The party also intends to increase the monthly Personal Income Tax (PIT) exemption limit to Rs. 200,000 from the current Rs. 100,000. Further, it plans to introduce incentives including offering a 120% deductible tax allowance for capital investments in selected sectors, aimed at accelerating production and service capabilities.
It will also implement a zero-tariff policy for exports whilst intra-port trade will be promoted with an efficient service model and tax and tariff relief provided for re-exporters with value-addition.
SJB tax relief
Through its economic plan, the SJB anticipates moving the marginal tax rate of PIT from 1% to 24% between Rs. 100,000 to Rs. 500,000 and to revert to the marginal tax rate brackets going up to 36% beyond that.
The SJB also expects to maintain Corporate Income Tax (CIT) at its current rates, but will incentivise the tradeable sector by providing a CIT incentive to exporters. Further, under an SJB government, the Value-Added Tax (VAT) will remain at 18%, while it will be brought down to 15% for selected items at the beginning and 0% for certain essential items.
The party also intends to retain the Simplified VAT (SVAT) for exporters until there is a better means of dealing with it. The SJB will relook at the Withholding Tax (WHT) to increase it to 10% from the current 5% in order to collect tax from individuals evading tax and under-reporting income.
An SJB government will also look to index the excise tax to a formula that reflects the taxes paid as prices increase.
Govt. tax relief
Speaking at the economic policy debate organised by the CCC last month, State Minister of Finance Shehan Semasinghe said that all tax-related announcements made during President Ranil Wickremesinghe’s campaign were based on the 2.3% primary balance target.
He noted that the PIT revision announced by the President was something the authorities had been discussing with the IMF since September 2023. “We initiated discussions in 2023 because we also understand the economy is growing and we need to give a substantial share of that growth back to the public,” he said.

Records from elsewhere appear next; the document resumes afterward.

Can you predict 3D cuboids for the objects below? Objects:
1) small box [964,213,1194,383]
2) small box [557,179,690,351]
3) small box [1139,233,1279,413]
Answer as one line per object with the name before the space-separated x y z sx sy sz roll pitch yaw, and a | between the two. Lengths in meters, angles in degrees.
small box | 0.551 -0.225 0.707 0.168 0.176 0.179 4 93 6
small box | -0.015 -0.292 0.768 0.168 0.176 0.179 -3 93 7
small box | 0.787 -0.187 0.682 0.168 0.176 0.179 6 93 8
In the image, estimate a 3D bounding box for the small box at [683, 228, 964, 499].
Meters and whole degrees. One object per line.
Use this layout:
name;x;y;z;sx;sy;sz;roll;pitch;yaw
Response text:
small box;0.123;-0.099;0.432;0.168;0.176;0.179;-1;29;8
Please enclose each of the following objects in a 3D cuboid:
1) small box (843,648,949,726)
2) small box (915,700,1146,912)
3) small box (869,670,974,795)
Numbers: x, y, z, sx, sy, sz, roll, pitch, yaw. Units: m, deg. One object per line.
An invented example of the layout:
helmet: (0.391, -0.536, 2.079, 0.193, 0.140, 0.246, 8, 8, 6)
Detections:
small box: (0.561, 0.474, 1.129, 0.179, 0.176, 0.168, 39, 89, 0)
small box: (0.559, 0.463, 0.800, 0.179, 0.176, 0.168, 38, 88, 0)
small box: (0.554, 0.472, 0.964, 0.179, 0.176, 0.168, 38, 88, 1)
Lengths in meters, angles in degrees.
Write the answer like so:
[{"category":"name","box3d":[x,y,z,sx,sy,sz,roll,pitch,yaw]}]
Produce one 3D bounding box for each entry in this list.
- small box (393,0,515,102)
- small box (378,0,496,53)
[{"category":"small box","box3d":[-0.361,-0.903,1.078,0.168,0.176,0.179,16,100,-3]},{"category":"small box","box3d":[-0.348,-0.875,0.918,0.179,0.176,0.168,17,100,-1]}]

Explaining the proposed revision, Semasinghe said that the tax-free threshold of PIT would remain at Rs. 1.2 million per annum while the tax bands would increase from Rs. 500,000 to Rs. 720,000 and the marginal tax rate at each band would remain at 6%, with the highest tax rate at 36%.
“The expectation of this relief is targeted at the mid-level,” he said.
For example, he said that a person with a monthly income of Rs. 200,000 would receive a relief of 20% and a person with a monthly income of Rs. 300,000 would receive a 25% relief, while anyone earning Rs. 400,000 per month would have a 23% reduction.
“This will cost around 0.07% of GDP and we will have compensating (revenue) measures, but we will ensure that there will be no further burden on the masses,” Semasinghe said.
Speaking in Parliament on Wednesday (4), State Minister of Finance Ranjith Siyambalapitiya said that the tax relief announced by the NPP – the PIT relief and the VAT removals – would cause a loss of Rs. 200 billion annually to the Treasury.
He said that it would cost an average of Rs. 1.5 trillion annually to increase the expenditure on health and education as proposed by the NPP.